I am still struggling to get to do things with the children in the afternoons. Since I’ve been back at work, I never seem to be in one place quite long enough, and while I mean to do all sorts of interesting things when Hero gets home from school, or indeed on the afternoons when she hasn’t been, too often this dissolves into perhaps some baking, or time spent pottering in the garden. In theory, we’re making watercolour birds and perhaps doing some felting, but in fact, we’re just not, really.
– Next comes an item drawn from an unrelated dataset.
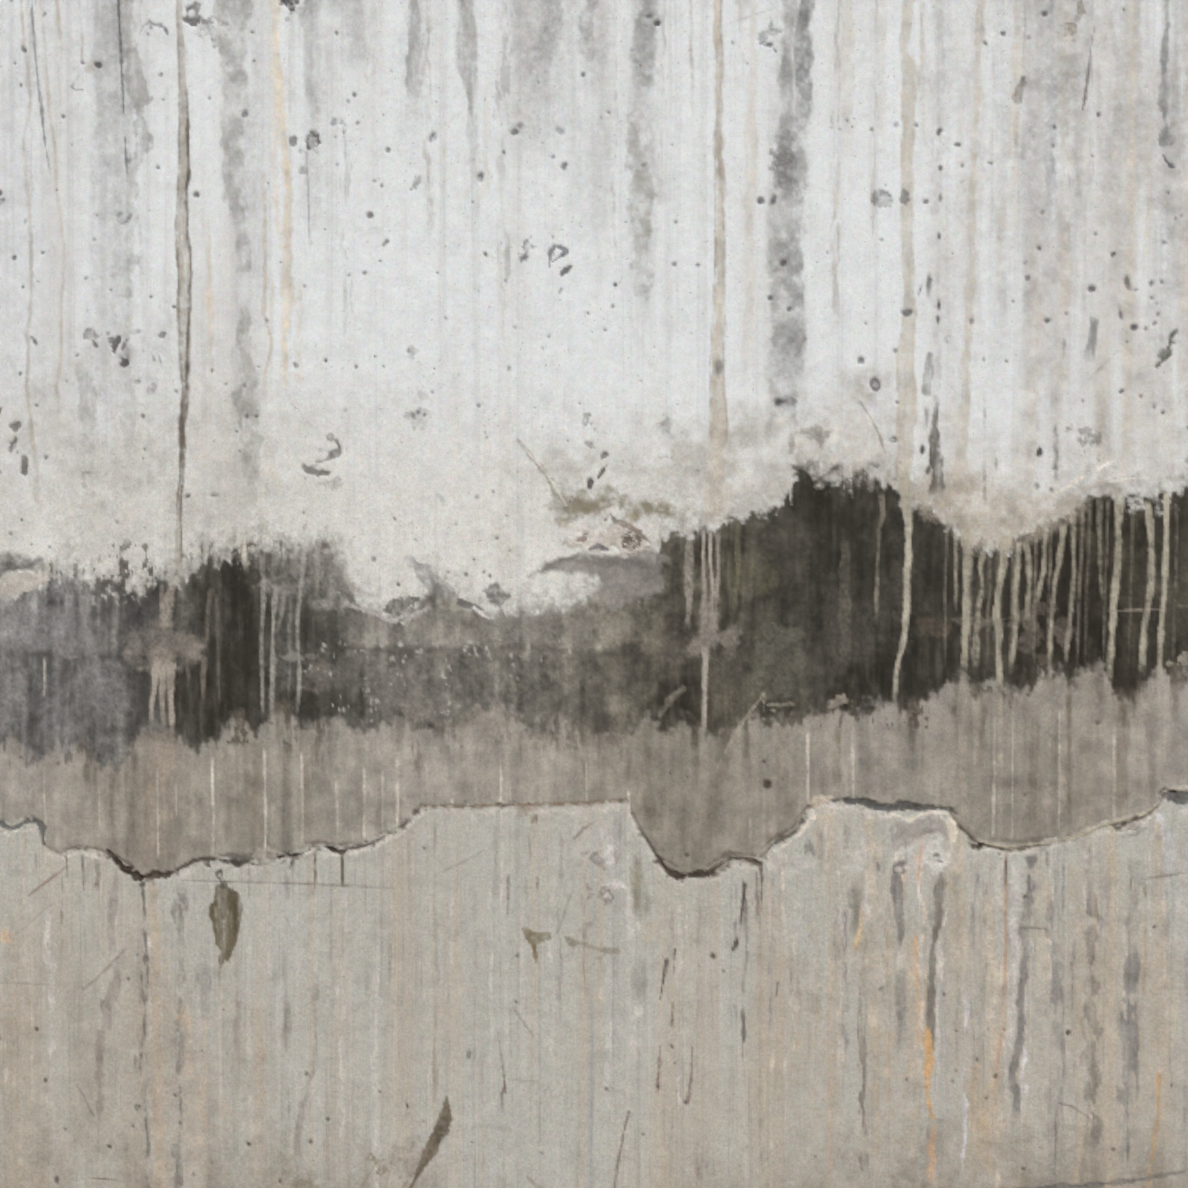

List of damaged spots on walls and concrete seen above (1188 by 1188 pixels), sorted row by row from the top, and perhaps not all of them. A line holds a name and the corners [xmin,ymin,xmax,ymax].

I hope that once we finish off all the niggles with the house, there will be more brain space and energy for such diversions; for now, half of the arty-farty supplies involved are in a chaotic bag under the kitchen table, and just the very thought of fighting my way through that puts me off…. Roll on completion, or something. Or is that one of those things like thinking you’ll know what you’re doing when you reach a certain age, I wonder, and will I still feel a bit knackered and a bit too tempted to just think ‘fuck it’ for ever?
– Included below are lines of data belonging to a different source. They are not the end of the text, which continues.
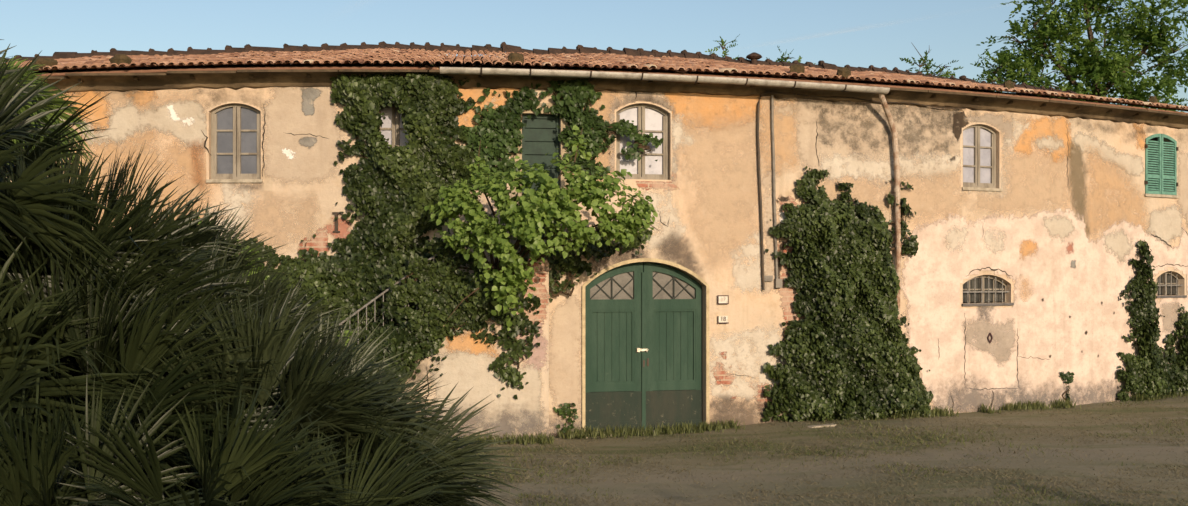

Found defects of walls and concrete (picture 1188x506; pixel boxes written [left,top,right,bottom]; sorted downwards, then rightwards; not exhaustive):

peeling [59,89,254,243]
peeling [262,86,345,184]
flaking render [298,218,352,261]
peeling [572,89,1188,413]
peeling [430,259,582,437]
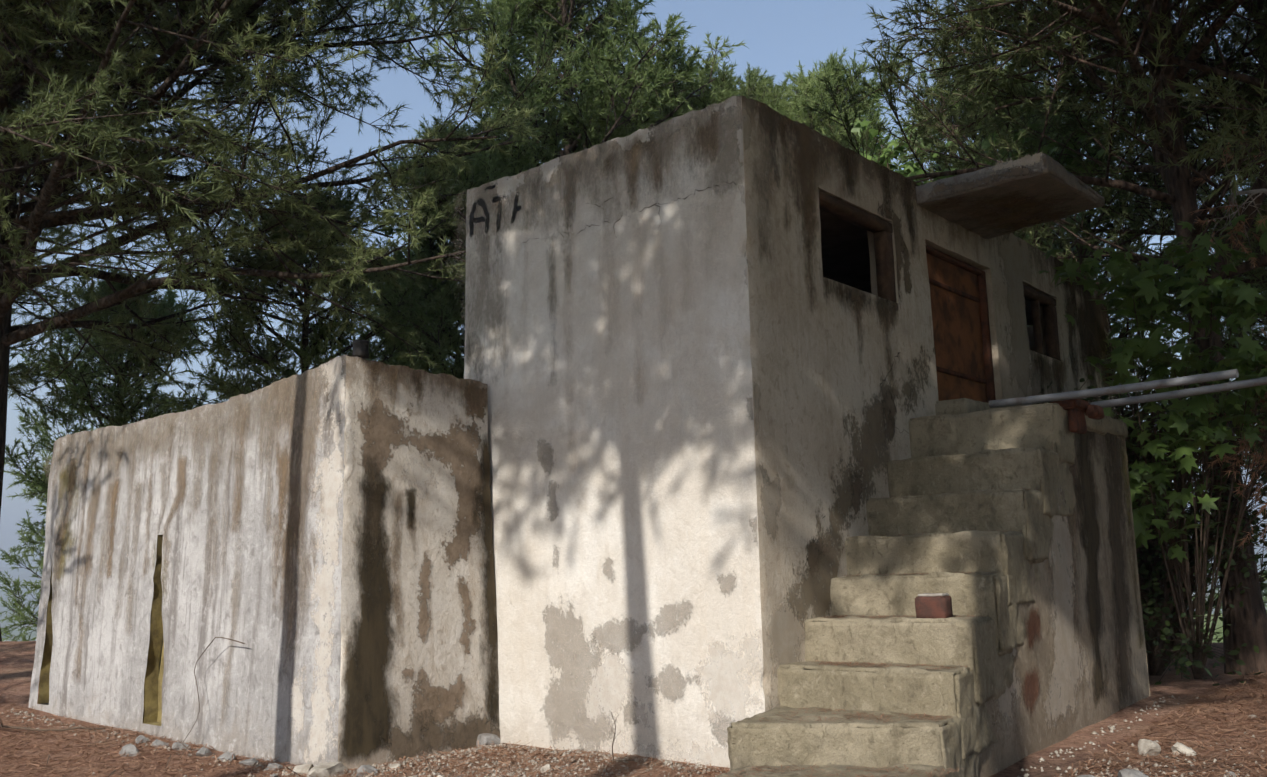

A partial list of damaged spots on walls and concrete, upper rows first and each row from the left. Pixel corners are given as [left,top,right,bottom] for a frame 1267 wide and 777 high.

crack [524,182,737,243]
damp [1033,257,1117,419]
damp [55,444,123,588]
damp [169,458,186,521]
damp [268,378,317,662]
peeling [289,357,500,764]
damp [1062,431,1143,705]
peeling [553,652,730,768]

In which there is much gloating.

Sunday, 7 October, 2012

Some time ago, and indeed many times ago, I mentioned how miserable I have felt about my weight, ever since I was about, oh, twenty-two. I said all the usual guff about how I ought to lose some weight, and how I’d do it sustainably, and how it would take ages but I’d need to be disciplined about it, and not eat shitloads of chocolate.

And then I did fuck-all about it, for fucking ages.

And then I had a fit of the guilts about the fact that I was going to visit all my mother’s difficulties with weight and the negative body images that went with it upon my small daughters, so that they in turn could find themselves overweight and underhappy.

And then I went back to work after Mirth’s first year, and decided that enough was enough.

So I lost 14kg.

Partly through just fucking eating less, and partly through developing a healthy if somewhat obsessive relationship with the stairs in the buildling in which I work, all nine floors’ worth.

And so I find myself thinner than I have been since I was a teenager. Wearing size twelve jeans. And calf boots which actually do up.

It is not obligatory to reenact the things your parents did, it seems, after all.